Alex Crichton (Oct 28 2019 at 21:44, on Zulip):

more worrisome though is -Zthreads=1 spends 4us in sched_yield and -Zthreads=28 spends 4 seconds

Alex Crichton (Oct 28 2019 at 21:44, on Zulip):

ok cool I might poke around at that

cuviper (Oct 28 2019 at 21:45, on Zulip):

sched_yield is probably due to rayon threads spinning down

cuviper (Oct 28 2019 at 21:45, on Zulip):

niko's scheduling changes will hopefully help there

cuviper (Oct 28 2019 at 21:46, on Zulip):

(less spinning, more precise wakeups, etc.)

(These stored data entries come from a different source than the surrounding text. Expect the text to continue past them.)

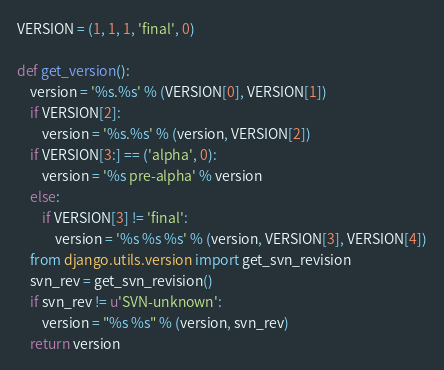<code> <loc_0><loc_0><loc_500><loc_500><_Python_>VERSION = (1, 1, 1, 'final', 0)

def get_version():
    version = '%s.%s' % (VERSION[0], VERSION[1])
    if VERSION[2]:
        version = '%s.%s' % (version, VERSION[2])
    if VERSION[3:] == ('alpha', 0):
        version = '%s pre-alpha' % version
    else:
        if VERSION[3] != 'final':
            version = '%s %s %s' % (version, VERSION[3], VERSION[4])
    from django.utils.version import get_svn_revision
    svn_rev = get_svn_revision()
    if svn_rev != u'SVN-unknown':
        version = "%s %s" % (version, svn_rev)
    return version
</code> 
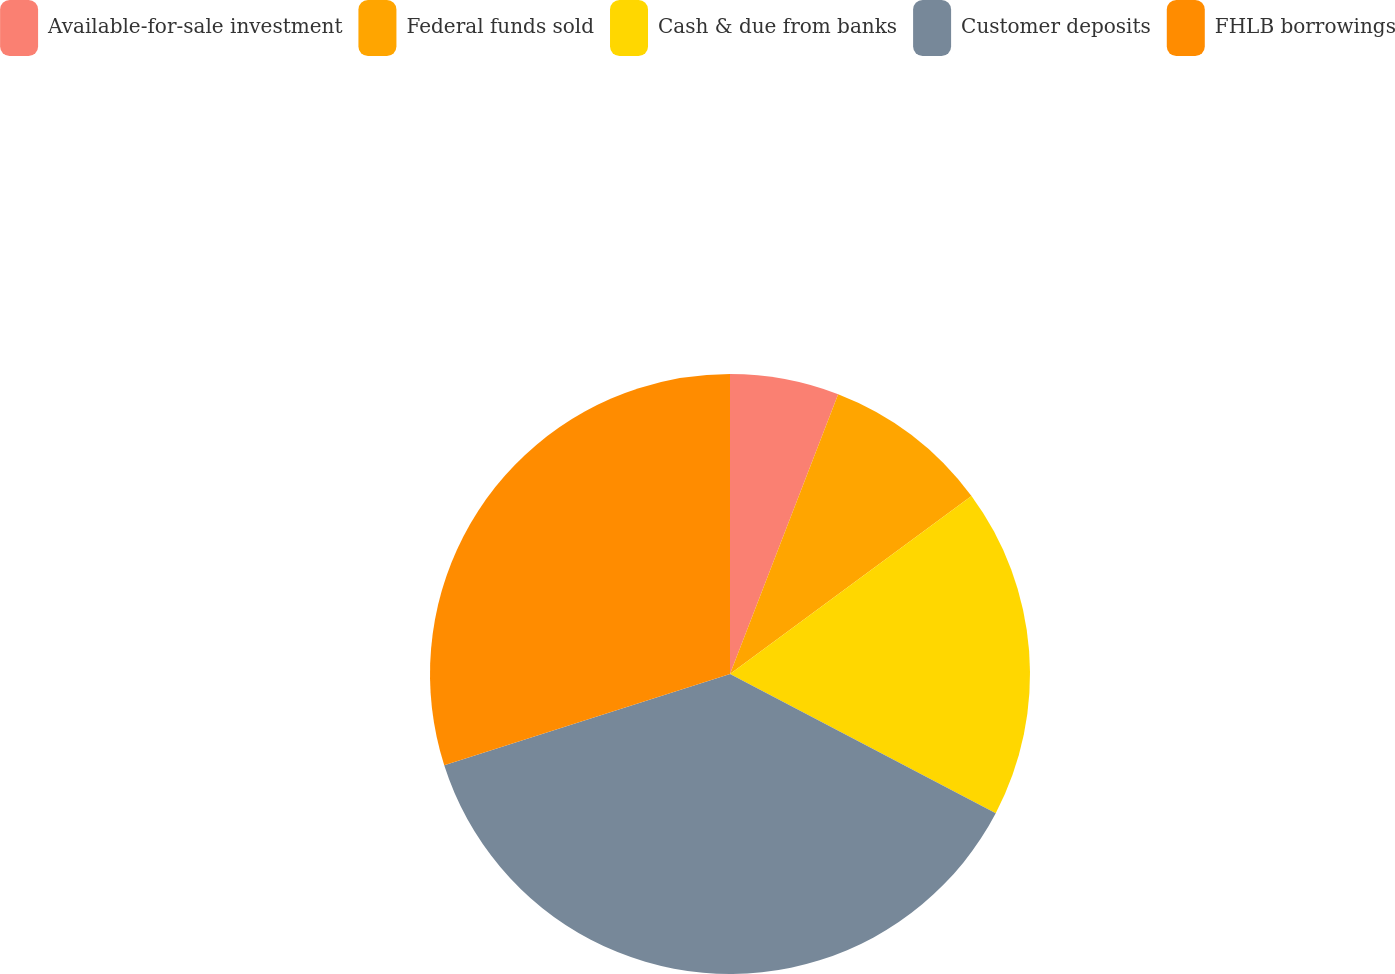Convert chart. <chart><loc_0><loc_0><loc_500><loc_500><pie_chart><fcel>Available-for-sale investment<fcel>Federal funds sold<fcel>Cash & due from banks<fcel>Customer deposits<fcel>FHLB borrowings<nl><fcel>5.87%<fcel>9.02%<fcel>17.79%<fcel>37.4%<fcel>29.92%<nl></chart> 
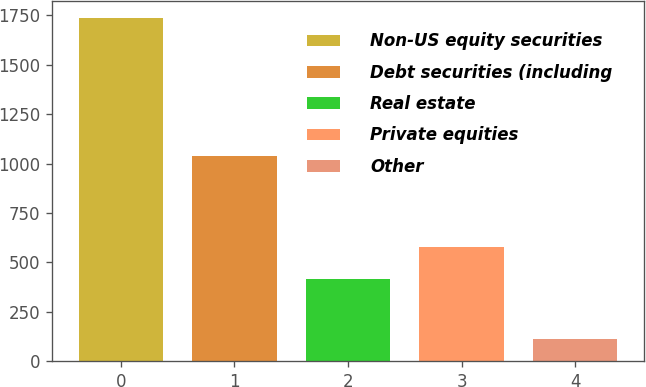Convert chart to OTSL. <chart><loc_0><loc_0><loc_500><loc_500><bar_chart><fcel>Non-US equity securities<fcel>Debt securities (including<fcel>Real estate<fcel>Private equities<fcel>Other<nl><fcel>1737<fcel>1040<fcel>414<fcel>576.3<fcel>114<nl></chart> 
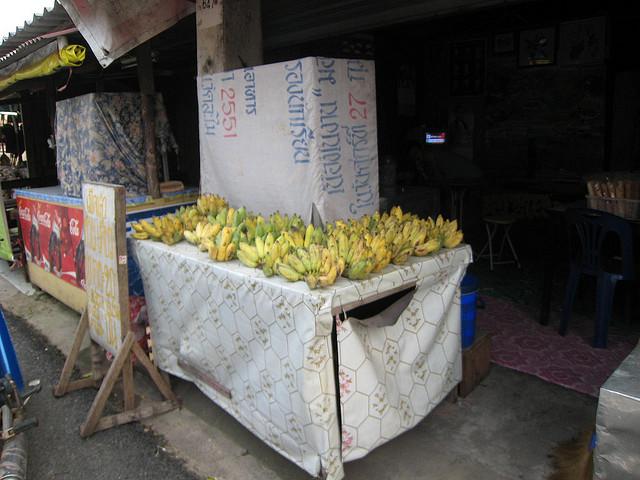What soda brand is being advertised?
Quick response, please. Coca-cola. Are the bananas ripe?
Be succinct. No. Where do all the fruits and vegetables come from?
Answer briefly. Trees. Are the bananas for sale?
Give a very brief answer. Yes. 
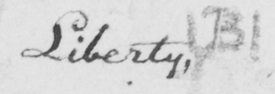What text is written in this handwritten line? Liberty ,  ( B ) 
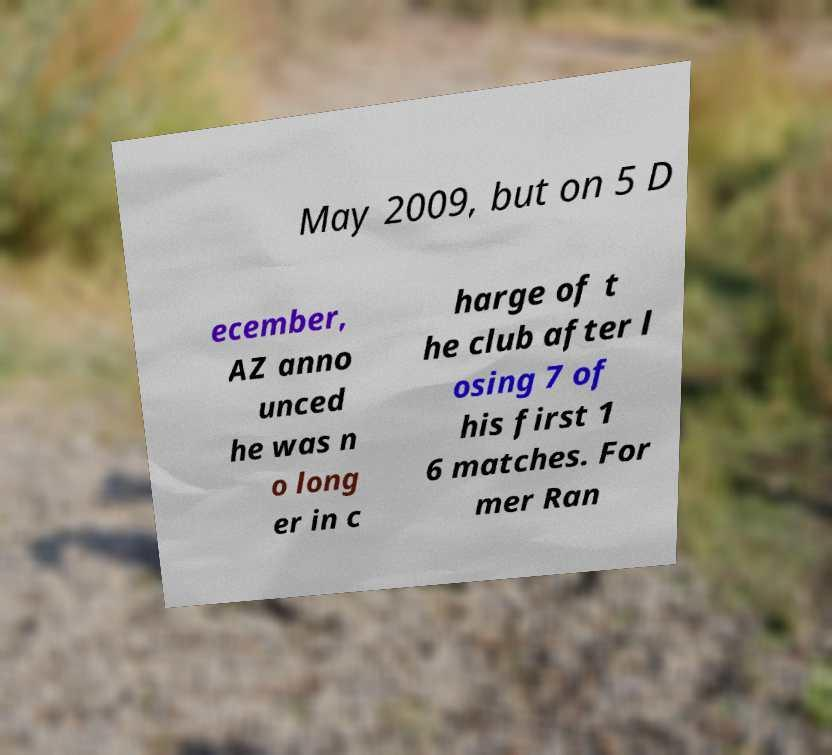Please read and relay the text visible in this image. What does it say? May 2009, but on 5 D ecember, AZ anno unced he was n o long er in c harge of t he club after l osing 7 of his first 1 6 matches. For mer Ran 
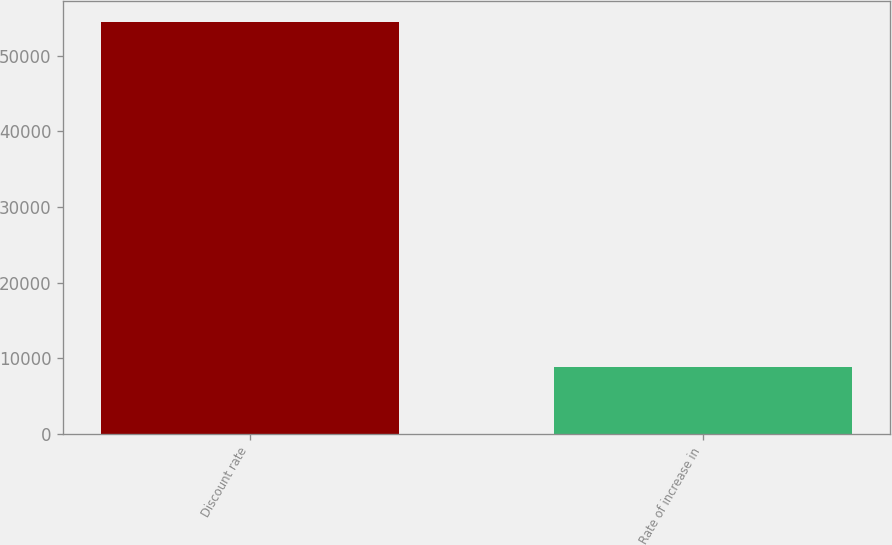<chart> <loc_0><loc_0><loc_500><loc_500><bar_chart><fcel>Discount rate<fcel>Rate of increase in<nl><fcel>54506<fcel>8824<nl></chart> 
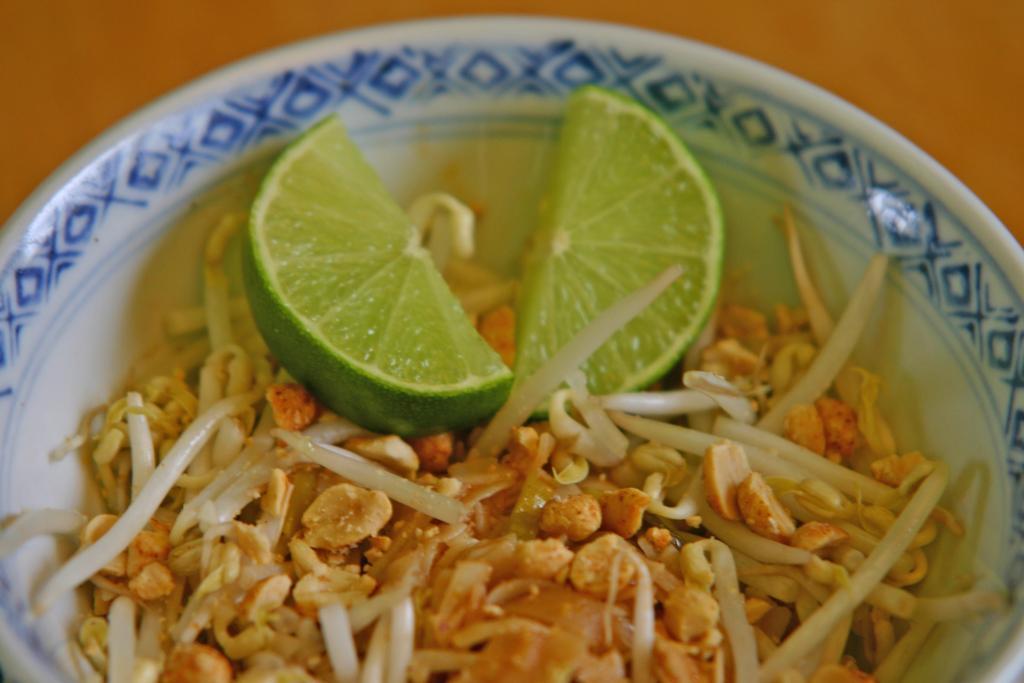How would you summarize this image in a sentence or two? In this bowl there is a food and slices of lemon. Background it is blur.

Alex Crichton (Oct 28 2019 at 21:47, on Zulip):

for context you may want to see https://hackmd.io/oUdvUU2lTk2ZxfOWQBT9xQ?view#Crates-in-the-first-3-seconds as well

Alex Crichton (Oct 28 2019 at 21:47, on Zulip):

where basically I'm seeing that a huge amount of system time is spent in the first few seconds of the build

Alex Crichton (Oct 28 2019 at 21:47, on Zulip):

so when there's tons of rustc parallelism then rustc internal parallelism is stressing the system quite a lot

Alex Crichton (Oct 28 2019 at 21:47, on Zulip):

which if rayon has 28 threads (for mysefl locally) all spinning

Alex Crichton (Oct 28 2019 at 21:48, on Zulip):

that's 28 * 28 threads all spinning

Alex Crichton (Oct 28 2019 at 21:48, on Zulip):

which would explain that

cuviper (Oct 28 2019 at 21:48, on Zulip):

FWIW, I think those strace times are _wall_ times, not CPU usage

Alex Crichton (Oct 28 2019 at 21:48, on Zulip):

oh this is perf trace if that makes a difference

Alex Crichton (Oct 28 2019 at 21:48, on Zulip):

and I think it's wall time per syscall, right?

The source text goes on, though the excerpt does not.